DATASET RECORDS:
[Start of section]

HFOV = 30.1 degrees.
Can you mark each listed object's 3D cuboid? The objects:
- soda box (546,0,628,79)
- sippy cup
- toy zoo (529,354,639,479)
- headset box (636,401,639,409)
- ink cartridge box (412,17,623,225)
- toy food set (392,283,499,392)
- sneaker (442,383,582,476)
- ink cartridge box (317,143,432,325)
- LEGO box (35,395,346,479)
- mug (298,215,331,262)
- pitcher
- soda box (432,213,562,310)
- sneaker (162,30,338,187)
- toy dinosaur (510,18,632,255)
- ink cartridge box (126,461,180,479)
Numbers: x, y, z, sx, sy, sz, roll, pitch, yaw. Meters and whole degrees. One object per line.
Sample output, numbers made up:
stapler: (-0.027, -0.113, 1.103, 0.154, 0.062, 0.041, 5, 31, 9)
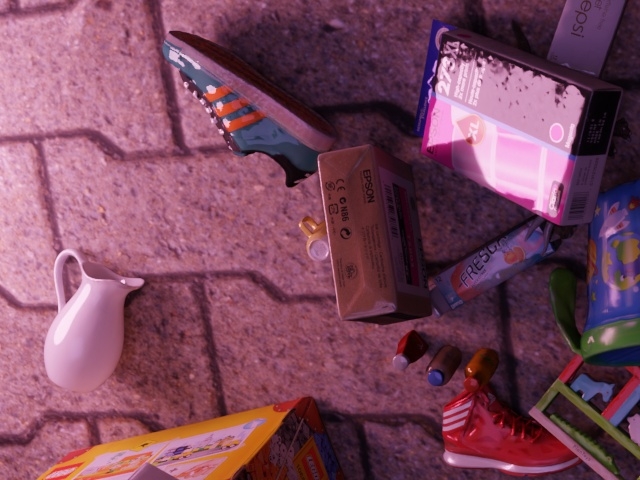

[End of section]

WORK TASK:
Print the records above again exactly. Leave out the images.

RESPONSE TO THIS EXERCISE:
HFOV = 30.1 degrees.
Can you mark each listed object's 3D cuboid? The objects:
- soda box (546,0,628,79)
- sippy cup
- toy zoo (529,354,639,479)
- headset box (636,401,639,409)
- ink cartridge box (412,17,623,225)
- toy food set (392,283,499,392)
- sneaker (442,383,582,476)
- ink cartridge box (317,143,432,325)
- LEGO box (35,395,346,479)
- mug (298,215,331,262)
- pitcher
- soda box (432,213,562,310)
- sneaker (162,30,338,187)
- toy dinosaur (510,18,632,255)
- ink cartridge box (126,461,180,479)
Numbers: x, y, z, sx, sy, sz, roll, pitch, yaw. Meters and whole degrees. One object per line.
Sample output, numbers made up:
stapler: (-0.027, -0.113, 1.103, 0.154, 0.062, 0.041, 5, 31, 9)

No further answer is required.